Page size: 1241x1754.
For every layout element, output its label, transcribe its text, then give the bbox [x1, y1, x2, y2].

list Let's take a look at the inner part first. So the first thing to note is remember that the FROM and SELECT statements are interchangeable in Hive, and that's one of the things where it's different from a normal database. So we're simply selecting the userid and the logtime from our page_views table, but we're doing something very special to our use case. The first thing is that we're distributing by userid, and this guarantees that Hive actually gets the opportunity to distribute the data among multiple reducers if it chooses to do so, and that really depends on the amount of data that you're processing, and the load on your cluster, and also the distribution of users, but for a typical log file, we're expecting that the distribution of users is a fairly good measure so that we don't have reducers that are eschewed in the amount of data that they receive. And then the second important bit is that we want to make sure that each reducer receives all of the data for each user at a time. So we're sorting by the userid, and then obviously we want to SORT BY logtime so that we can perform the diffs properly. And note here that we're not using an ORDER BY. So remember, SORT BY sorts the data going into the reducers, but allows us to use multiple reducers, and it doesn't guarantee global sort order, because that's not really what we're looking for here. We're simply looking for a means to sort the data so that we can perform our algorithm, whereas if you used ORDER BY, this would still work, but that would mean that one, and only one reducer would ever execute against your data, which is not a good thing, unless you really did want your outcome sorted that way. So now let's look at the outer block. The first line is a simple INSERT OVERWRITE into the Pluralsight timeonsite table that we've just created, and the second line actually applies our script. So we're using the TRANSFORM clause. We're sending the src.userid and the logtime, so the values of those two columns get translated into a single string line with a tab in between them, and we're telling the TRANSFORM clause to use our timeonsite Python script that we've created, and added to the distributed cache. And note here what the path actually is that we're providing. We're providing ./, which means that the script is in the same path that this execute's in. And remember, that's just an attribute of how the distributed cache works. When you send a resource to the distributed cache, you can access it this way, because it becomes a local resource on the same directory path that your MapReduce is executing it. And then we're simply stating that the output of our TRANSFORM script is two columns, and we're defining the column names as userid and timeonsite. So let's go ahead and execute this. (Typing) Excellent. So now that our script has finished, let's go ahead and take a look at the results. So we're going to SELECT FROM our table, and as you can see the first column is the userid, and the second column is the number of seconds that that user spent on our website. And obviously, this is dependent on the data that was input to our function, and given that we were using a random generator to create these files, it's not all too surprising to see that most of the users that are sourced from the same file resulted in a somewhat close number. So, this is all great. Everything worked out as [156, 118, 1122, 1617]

------

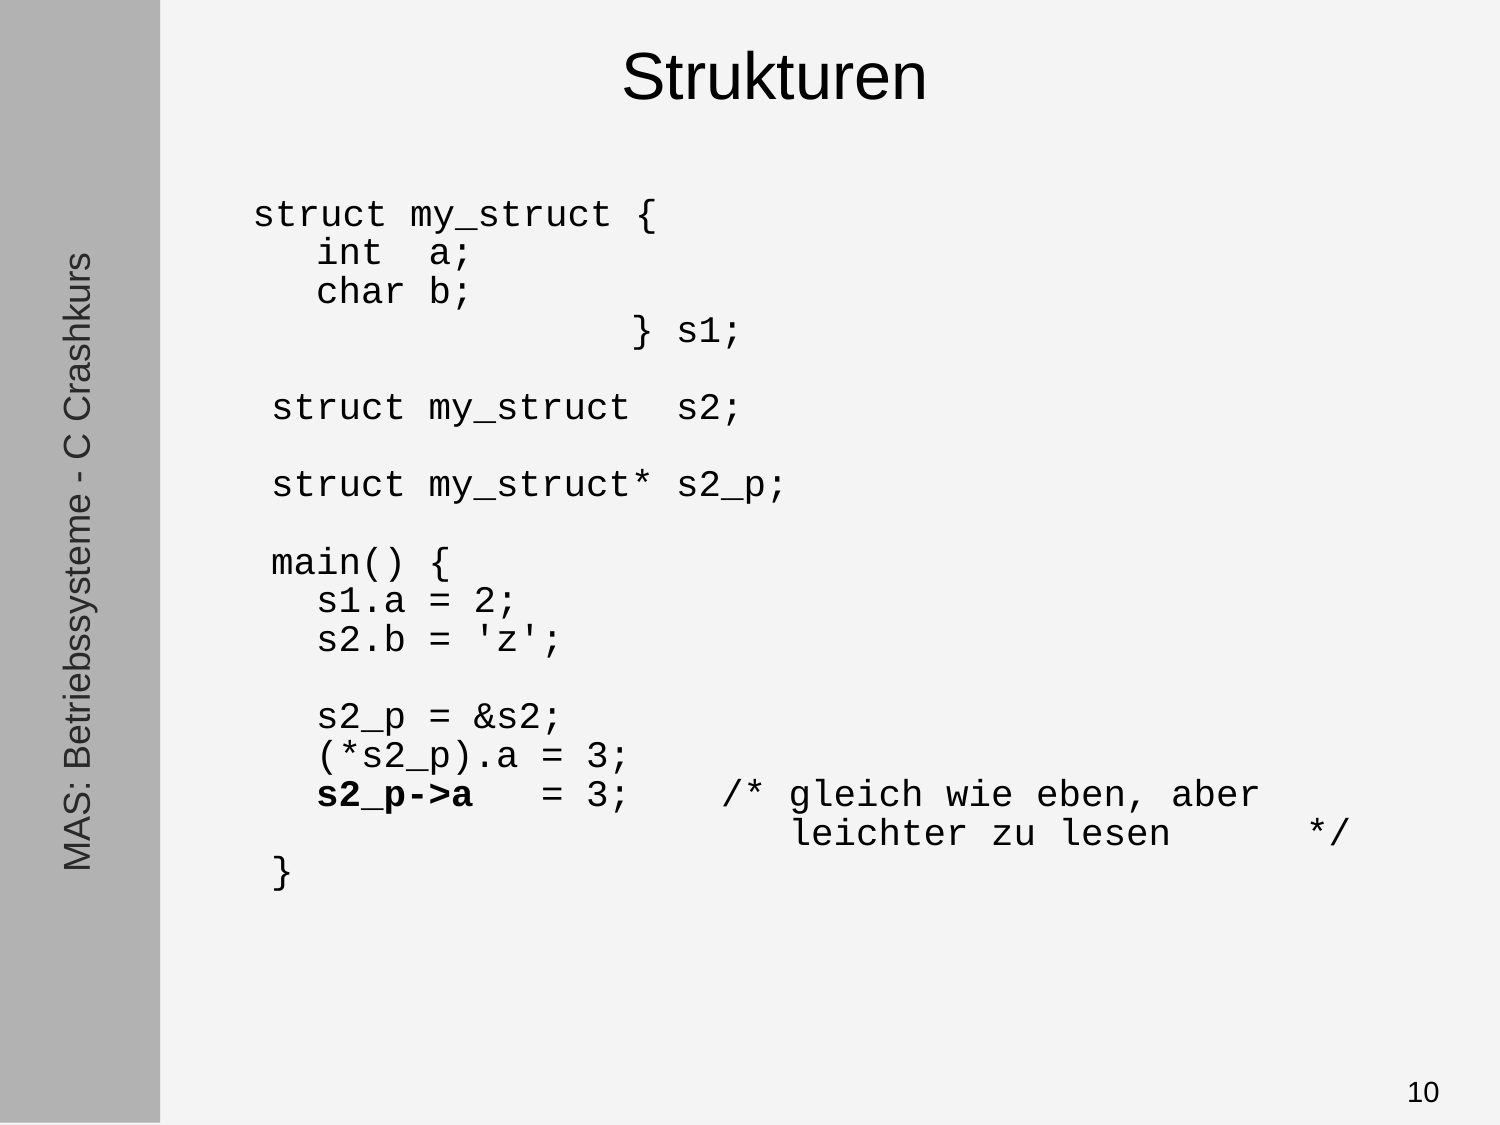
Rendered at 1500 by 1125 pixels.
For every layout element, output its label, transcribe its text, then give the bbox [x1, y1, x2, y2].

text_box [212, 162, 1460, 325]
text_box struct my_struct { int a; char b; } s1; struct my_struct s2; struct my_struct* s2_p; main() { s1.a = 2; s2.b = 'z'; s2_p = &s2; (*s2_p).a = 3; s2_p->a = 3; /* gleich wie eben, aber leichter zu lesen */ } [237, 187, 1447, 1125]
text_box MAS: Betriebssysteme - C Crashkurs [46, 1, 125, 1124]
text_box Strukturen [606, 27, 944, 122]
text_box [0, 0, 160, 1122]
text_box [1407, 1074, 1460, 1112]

------

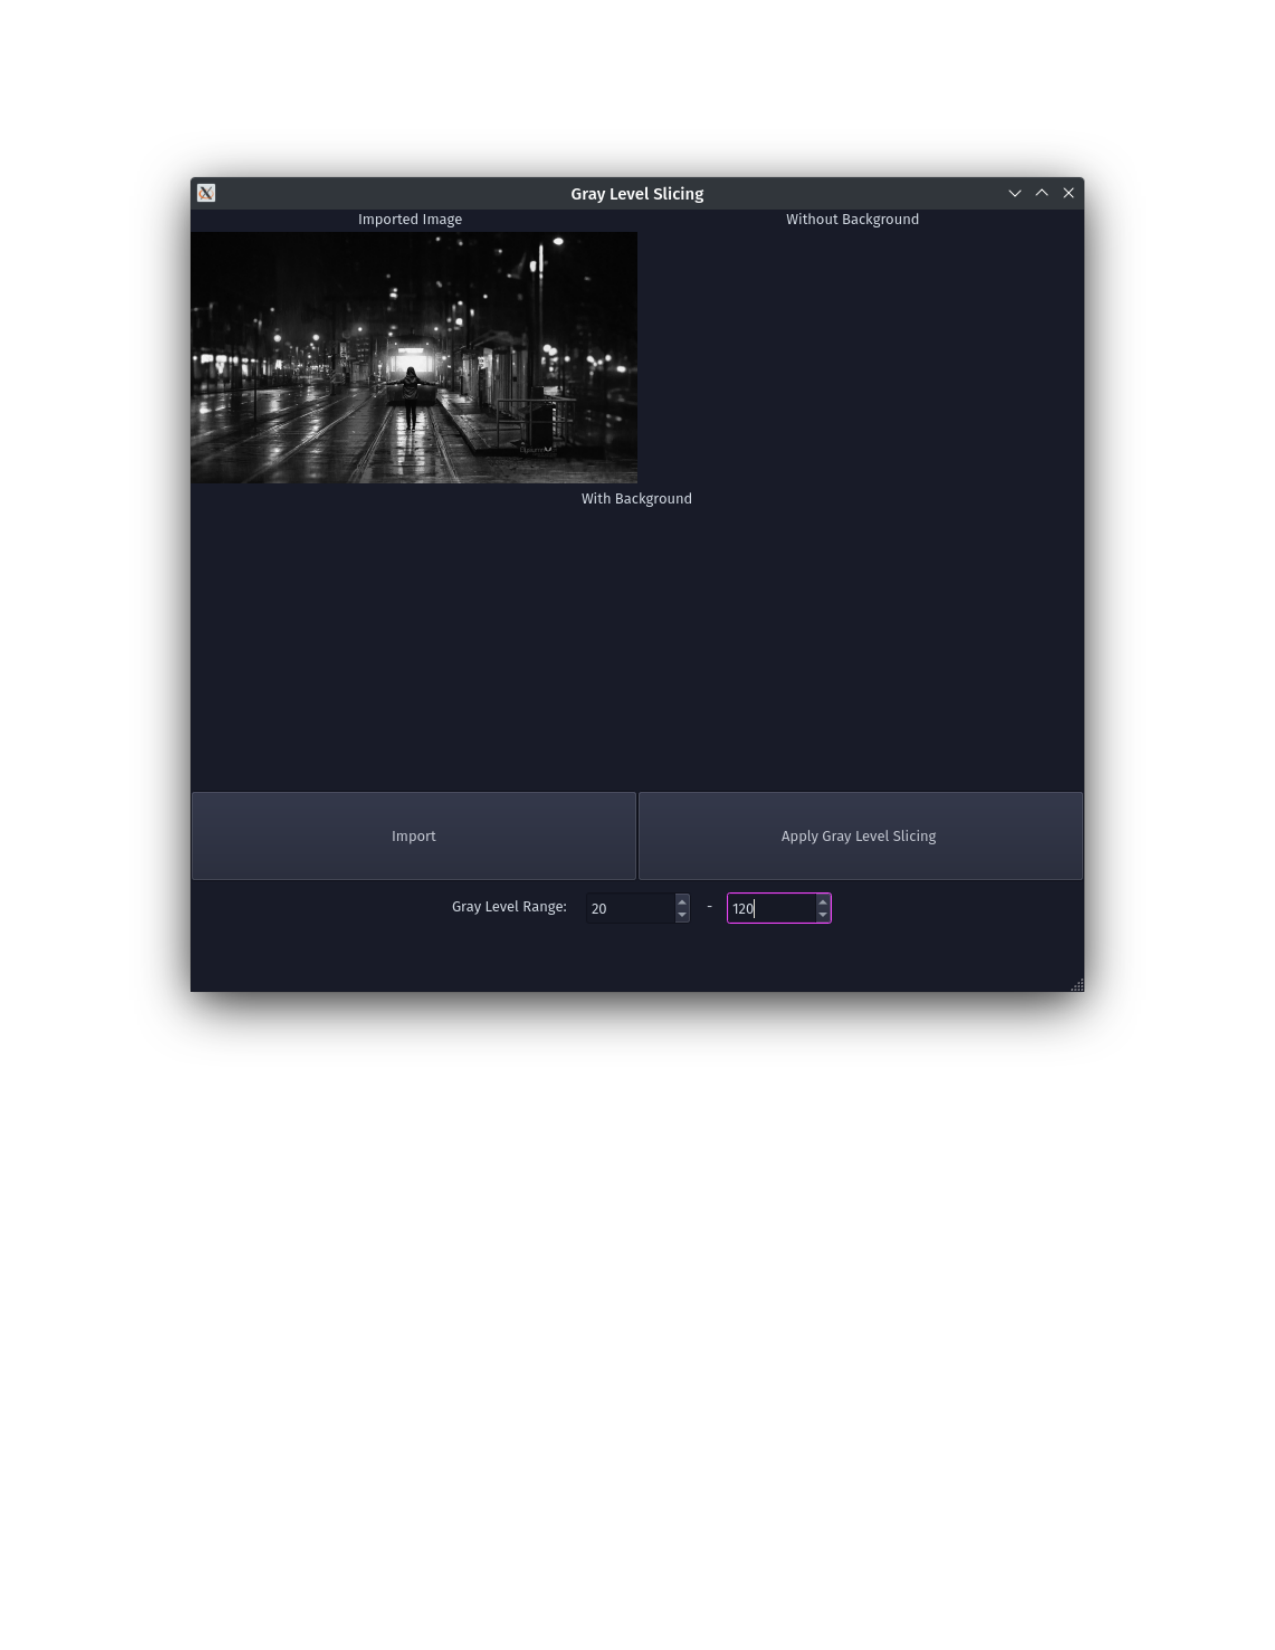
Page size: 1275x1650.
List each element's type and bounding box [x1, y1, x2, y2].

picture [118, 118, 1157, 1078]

------

→ ASSIGNED TASK
Reply with the number of lines above in which the word "size" appears, and with nothing else.

→ WRITTEN ANSWER
2